++++ Supplied records ++++

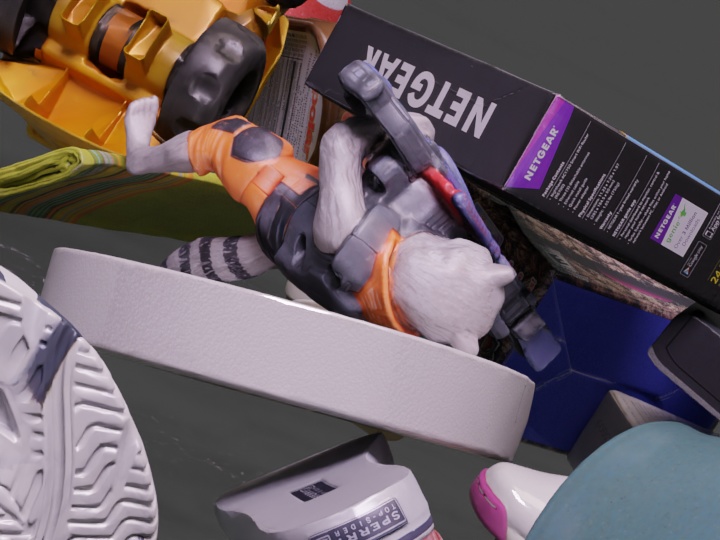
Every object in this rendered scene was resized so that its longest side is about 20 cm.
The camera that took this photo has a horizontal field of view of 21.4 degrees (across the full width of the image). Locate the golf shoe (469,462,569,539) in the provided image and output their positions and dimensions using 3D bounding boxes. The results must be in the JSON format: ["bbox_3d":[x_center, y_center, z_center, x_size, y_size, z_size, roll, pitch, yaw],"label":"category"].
[{"bbox_3d":[0.147,0.119,0.871,0.199,0.092,0.075,23,19,-16],"label":"golf shoe"}]

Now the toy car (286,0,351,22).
[{"bbox_3d":[-0.069,-0.225,1.248,0.177,0.201,0.184,9,-5,44],"label":"toy car"}]

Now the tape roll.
[{"bbox_3d":[-0.031,0.035,0.771,0.202,0.037,0.203,16,-5,1],"label":"tape roll"}]

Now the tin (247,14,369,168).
[{"bbox_3d":[-0.038,-0.088,1.082,0.042,0.112,0.200,5,8,-21],"label":"tin"}]

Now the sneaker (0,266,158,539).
[{"bbox_3d":[-0.149,0.027,0.663,0.199,0.080,0.130,43,-6,-12],"label":"sneaker"}]

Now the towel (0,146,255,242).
[{"bbox_3d":[-0.095,-0.031,0.944,0.086,0.018,0.200,-13,-13,38],"label":"towel"}]

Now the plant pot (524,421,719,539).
[{"bbox_3d":[0.153,0.146,0.655,0.188,0.201,0.200,25,10,39],"label":"plant pot"}]

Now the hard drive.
[{"bbox_3d":[0.224,0.060,0.941,0.139,0.033,0.200,40,19,12],"label":"hard drive"}]

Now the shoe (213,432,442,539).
[{"bbox_3d":[-0.001,0.116,0.687,0.200,0.071,0.091,177,-109,-82],"label":"shoe"}]

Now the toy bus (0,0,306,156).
[{"bbox_3d":[-0.094,-0.129,1.015,0.135,0.200,0.192,28,-14,12],"label":"toy bus"}]

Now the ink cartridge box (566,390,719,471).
[{"bbox_3d":[0.214,0.139,0.993,0.200,0.050,0.109,24,17,-21],"label":"ink cartridge box"}]

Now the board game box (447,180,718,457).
[{"bbox_3d":[0.100,0.013,1.083,0.159,0.097,0.200,19,20,-33],"label":"board game box"}]

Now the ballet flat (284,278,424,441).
[{"bbox_3d":[-0.007,0.016,0.957,0.063,0.069,0.200,14,20,-14],"label":"ballet flat"}]

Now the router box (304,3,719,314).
[{"bbox_3d":[0.081,-0.055,0.900,0.149,0.051,0.200,26,4,-33],"label":"router box"}]

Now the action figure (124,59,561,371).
[{"bbox_3d":[0.000,0.000,0.835,0.193,0.105,0.200,21,-24,51],"label":"action figure"}]
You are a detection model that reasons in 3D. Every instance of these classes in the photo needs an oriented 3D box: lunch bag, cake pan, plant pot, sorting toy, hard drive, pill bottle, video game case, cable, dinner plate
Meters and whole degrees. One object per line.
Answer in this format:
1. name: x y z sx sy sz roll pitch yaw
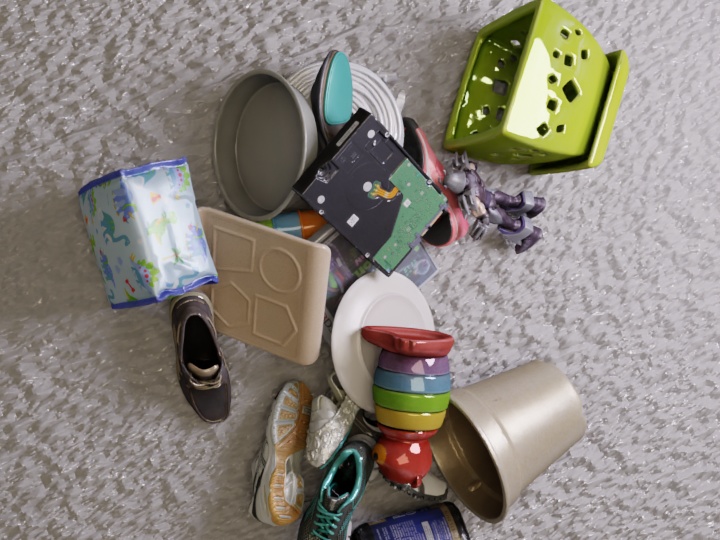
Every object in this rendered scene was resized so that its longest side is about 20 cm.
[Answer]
1. lunch bag: -0.292 -0.042 1.152 0.127 0.199 0.172 -19 96 -45
2. cake pan: -0.128 -0.167 1.194 0.036 0.199 0.203 -3 91 -46
3. plant pot: 0.257 -0.244 1.266 0.179 0.199 0.203 19 85 -18
4. sorting toy: -0.138 0.019 1.189 0.198 0.037 0.187 16 120 14
5. hard drive: 0.019 -0.099 1.169 0.140 0.038 0.200 -49 129 0
6. plant pot: 0.215 0.226 1.267 0.182 0.200 0.203 -24 95 -22
7. pill bottle: 0.053 0.408 1.259 0.197 0.112 0.114 -11 92 -12
8. video game case: 0.000 0.000 1.255 0.200 0.023 0.183 -41 125 -10
9. cable: -0.036 -0.194 1.250 0.197 0.069 0.203 5 93 -3
10. dinner plate: 0.041 0.100 1.242 0.198 0.024 0.203 3 85 -42

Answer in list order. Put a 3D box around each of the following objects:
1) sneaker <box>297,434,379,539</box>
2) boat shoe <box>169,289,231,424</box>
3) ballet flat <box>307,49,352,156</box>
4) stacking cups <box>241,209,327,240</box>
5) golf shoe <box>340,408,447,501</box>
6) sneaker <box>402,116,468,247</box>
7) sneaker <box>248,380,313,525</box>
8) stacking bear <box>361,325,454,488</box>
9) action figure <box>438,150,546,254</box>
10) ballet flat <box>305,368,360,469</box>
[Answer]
1. sneaker: -0.039 0.315 1.185 0.077 0.091 0.202 20 84 14
2. boat shoe: -0.219 0.128 1.198 0.073 0.073 0.202 -14 114 -7
3. ballet flat: -0.046 -0.190 1.184 0.072 0.073 0.203 -7 99 -12
4. stacking cups: -0.104 -0.059 1.244 0.197 0.060 0.061 -11 92 -8
5. golf shoe: 0.053 0.263 1.278 0.198 0.078 0.095 30 84 -12
6. sneaker: 0.100 -0.129 1.301 0.086 0.073 0.202 -9 75 -53
7. sneaker: -0.120 0.254 1.243 0.075 0.087 0.202 25 61 -31
8. stacking bear: 0.062 0.183 1.175 0.113 0.121 0.203 3 94 -34
9. action figure: 0.184 -0.095 1.275 0.199 0.069 0.132 23 57 -35
10. ballet flat: -0.032 0.182 1.238 0.072 0.072 0.201 42 57 -9

++++

What is required | Please reproduce the records above exactly, leaving out every picture.

Response |
Every object in this rendered scene was resized so that its longest side is about 20 cm.
The camera that took this photo has a horizontal field of view of 21.4 degrees (across the full width of the image). Locate the golf shoe (469,462,569,539) in the provided image and output their positions and dimensions using 3D bounding boxes. The results must be in the JSON format: ["bbox_3d":[x_center, y_center, z_center, x_size, y_size, z_size, roll, pitch, yaw],"label":"category"].
[{"bbox_3d":[0.147,0.119,0.871,0.199,0.092,0.075,23,19,-16],"label":"golf shoe"}]

Now the toy car (286,0,351,22).
[{"bbox_3d":[-0.069,-0.225,1.248,0.177,0.201,0.184,9,-5,44],"label":"toy car"}]

Now the tape roll.
[{"bbox_3d":[-0.031,0.035,0.771,0.202,0.037,0.203,16,-5,1],"label":"tape roll"}]

Now the tin (247,14,369,168).
[{"bbox_3d":[-0.038,-0.088,1.082,0.042,0.112,0.200,5,8,-21],"label":"tin"}]

Now the sneaker (0,266,158,539).
[{"bbox_3d":[-0.149,0.027,0.663,0.199,0.080,0.130,43,-6,-12],"label":"sneaker"}]

Now the towel (0,146,255,242).
[{"bbox_3d":[-0.095,-0.031,0.944,0.086,0.018,0.200,-13,-13,38],"label":"towel"}]

Now the plant pot (524,421,719,539).
[{"bbox_3d":[0.153,0.146,0.655,0.188,0.201,0.200,25,10,39],"label":"plant pot"}]

Now the hard drive.
[{"bbox_3d":[0.224,0.060,0.941,0.139,0.033,0.200,40,19,12],"label":"hard drive"}]

Now the shoe (213,432,442,539).
[{"bbox_3d":[-0.001,0.116,0.687,0.200,0.071,0.091,177,-109,-82],"label":"shoe"}]

Now the toy bus (0,0,306,156).
[{"bbox_3d":[-0.094,-0.129,1.015,0.135,0.200,0.192,28,-14,12],"label":"toy bus"}]

Now the ink cartridge box (566,390,719,471).
[{"bbox_3d":[0.214,0.139,0.993,0.200,0.050,0.109,24,17,-21],"label":"ink cartridge box"}]

Now the board game box (447,180,718,457).
[{"bbox_3d":[0.100,0.013,1.083,0.159,0.097,0.200,19,20,-33],"label":"board game box"}]

Now the ballet flat (284,278,424,441).
[{"bbox_3d":[-0.007,0.016,0.957,0.063,0.069,0.200,14,20,-14],"label":"ballet flat"}]

Now the router box (304,3,719,314).
[{"bbox_3d":[0.081,-0.055,0.900,0.149,0.051,0.200,26,4,-33],"label":"router box"}]

Now the action figure (124,59,561,371).
[{"bbox_3d":[0.000,0.000,0.835,0.193,0.105,0.200,21,-24,51],"label":"action figure"}]
You are a detection model that reasons in 3D. Every instance of these classes in the photo needs an oriented 3D box: lunch bag, cake pan, plant pot, sorting toy, hard drive, pill bottle, video game case, cable, dinner plate
Meters and whole degrees. One object per line.
Answer in this format:
1. name: x y z sx sy sz roll pitch yaw
Every object in this rendered scene was resized so that its longest side is about 20 cm.
[Answer]
1. lunch bag: -0.292 -0.042 1.152 0.127 0.199 0.172 -19 96 -45
2. cake pan: -0.128 -0.167 1.194 0.036 0.199 0.203 -3 91 -46
3. plant pot: 0.257 -0.244 1.266 0.179 0.199 0.203 19 85 -18
4. sorting toy: -0.138 0.019 1.189 0.198 0.037 0.187 16 120 14
5. hard drive: 0.019 -0.099 1.169 0.140 0.038 0.200 -49 129 0
6. plant pot: 0.215 0.226 1.267 0.182 0.200 0.203 -24 95 -22
7. pill bottle: 0.053 0.408 1.259 0.197 0.112 0.114 -11 92 -12
8. video game case: 0.000 0.000 1.255 0.200 0.023 0.183 -41 125 -10
9. cable: -0.036 -0.194 1.250 0.197 0.069 0.203 5 93 -3
10. dinner plate: 0.041 0.100 1.242 0.198 0.024 0.203 3 85 -42

Answer in list order. Put a 3D box around each of the following objects:
1) sneaker <box>297,434,379,539</box>
2) boat shoe <box>169,289,231,424</box>
3) ballet flat <box>307,49,352,156</box>
4) stacking cups <box>241,209,327,240</box>
5) golf shoe <box>340,408,447,501</box>
6) sneaker <box>402,116,468,247</box>
7) sneaker <box>248,380,313,525</box>
8) stacking bear <box>361,325,454,488</box>
9) action figure <box>438,150,546,254</box>
10) ballet flat <box>305,368,360,469</box>
[Answer]
1. sneaker: -0.039 0.315 1.185 0.077 0.091 0.202 20 84 14
2. boat shoe: -0.219 0.128 1.198 0.073 0.073 0.202 -14 114 -7
3. ballet flat: -0.046 -0.190 1.184 0.072 0.073 0.203 -7 99 -12
4. stacking cups: -0.104 -0.059 1.244 0.197 0.060 0.061 -11 92 -8
5. golf shoe: 0.053 0.263 1.278 0.198 0.078 0.095 30 84 -12
6. sneaker: 0.100 -0.129 1.301 0.086 0.073 0.202 -9 75 -53
7. sneaker: -0.120 0.254 1.243 0.075 0.087 0.202 25 61 -31
8. stacking bear: 0.062 0.183 1.175 0.113 0.121 0.203 3 94 -34
9. action figure: 0.184 -0.095 1.275 0.199 0.069 0.132 23 57 -35
10. ballet flat: -0.032 0.182 1.238 0.072 0.072 0.201 42 57 -9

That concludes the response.